Jornalismo Básico 2: reportagens especiais/Reportagens do JOB/Gabriel Nunes e Julia Benini
Largo do Café
O relógio. Ele cresce oxidado sobre um trapézio de granito. Cerceado por pequenos ladrilhos poliédricos encardidos de chuva, poluição e tempo. Tempo que se revela estático e fragmentado nos ponteiros paralisados e ausentes das suas faces tridimensionais. “Em manutenção”, é possível ler em um papel sulfite fixado na sua base. Ele cresce solitário. Ensimesmado. Preso a um tempo que não nos pertence mais e a números romanos que nunca nos pertenceram.
Irônico monumento ao tempo, como poetizou o cronista Guilherme de Almeida, o Relógio Público de Níchile foi instalado, na Praça Antonio Prado, em 1935. Até 1905, o pequeno espaço hexagonal solapado entre duas fileiras de prédios que se afunilam até acabarem no Edifício Altino Arantes era conhecido como Largo do Rosário. No entanto, pela Lei nº 799.04, a referência sacra deu lugar ao nome e sobrenome do cafeicultor e primeiro prefeito de São Paulo, que governou a pauliceia desvairada de 1900 a 1910.

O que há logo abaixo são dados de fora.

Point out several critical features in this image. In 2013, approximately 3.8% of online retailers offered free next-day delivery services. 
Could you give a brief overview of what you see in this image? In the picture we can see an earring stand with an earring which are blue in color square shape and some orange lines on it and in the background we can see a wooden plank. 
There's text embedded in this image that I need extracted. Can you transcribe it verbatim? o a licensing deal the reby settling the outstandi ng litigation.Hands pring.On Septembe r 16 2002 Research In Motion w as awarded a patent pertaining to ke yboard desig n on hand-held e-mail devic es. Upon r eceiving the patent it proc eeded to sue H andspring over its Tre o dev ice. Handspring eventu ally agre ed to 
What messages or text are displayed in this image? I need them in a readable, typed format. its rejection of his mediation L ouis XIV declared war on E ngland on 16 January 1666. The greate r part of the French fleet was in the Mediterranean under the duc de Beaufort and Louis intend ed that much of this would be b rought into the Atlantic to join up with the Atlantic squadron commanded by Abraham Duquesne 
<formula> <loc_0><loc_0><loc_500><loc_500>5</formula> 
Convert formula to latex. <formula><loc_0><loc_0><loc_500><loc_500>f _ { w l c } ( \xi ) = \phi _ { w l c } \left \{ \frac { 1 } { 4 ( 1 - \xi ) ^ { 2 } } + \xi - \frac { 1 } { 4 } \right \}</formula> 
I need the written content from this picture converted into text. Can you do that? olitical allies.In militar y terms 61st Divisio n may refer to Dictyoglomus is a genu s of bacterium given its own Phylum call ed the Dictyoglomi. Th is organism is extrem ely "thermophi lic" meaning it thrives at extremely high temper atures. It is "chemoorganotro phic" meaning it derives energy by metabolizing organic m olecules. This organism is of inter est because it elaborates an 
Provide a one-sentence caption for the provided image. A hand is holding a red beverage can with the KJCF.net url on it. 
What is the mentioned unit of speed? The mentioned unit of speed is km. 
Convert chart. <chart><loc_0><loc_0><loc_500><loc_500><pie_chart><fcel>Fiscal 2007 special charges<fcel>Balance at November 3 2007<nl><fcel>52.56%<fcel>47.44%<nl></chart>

Mais à frente, entre um coreto de madeira e uma banca de jornal, surge uma fonte. Ornamentada com representações de ginetes e gárgulas, ela exibe a marca indelével de um opulento passado construído em cima dos grãos de café. Hoje ela abriga, nas rugas do mármore desgastado, os sulfitos e ácidos clorídricos que o céu da cidade transborda diariamente. O níquel das moedas não mais se acumula, reluzente, no fundo dela. Os centavos mais sem valor não escapam do bolso de quem os tem, nem mesmo para atender aos pedidos de quem não os tem. A fonte não realiza os desejos de ninguém. Sobre ela, um homem beberica sua aguardente enquanto observa embevecido os pombos alçarem voo. As asas farfalham como folhas ao vento.
Os prédios se erguem arbitrariamente, como em um jogo tétrico. Irregulares. Imperfeitos. Ao lado de um edifício moderno, um neoclássico. Ao lado de um prédio de janelas espelhadas, um de pequenos vitrais baços despontando do concreto maciço. As sombras se projetam deles sobre o ladrilho do chão como um Sacilotto monocromático. A extensa fileira de construções enclausuram duas árvores. Claustrofóbicas e silenciosas, elas crescem contra o som e fúria da capital paulista. No entanto, cada árvore enclausurada pelo concreto e argamassa guarda em si o mórbido desejo de violentar as paredes que cercam sua vida.
Seus troncos surgem como pequenos tesouros clandestinos entre as construções mais antigas, que revelam nas paredes desgastadas e esquecidas a memória desbotada do testemunho do leilão de café que ocorria nas ruas São Bento, Álvares Penteado e na estreita rua do Comércio. O ouro negro, antes em grãos, agora escorre do bule para as xícaras aliviadas pelo final do expediente de quem frequenta os bares e cafeterias do Largo do Café.
E os olhos sujos, que testemunham a inércia de um tempo quebrado no relógio público, são os mesmos que observam perplexos a inexorável e perturbadora passagem do tempo ao redor da pequena torre enferrujada.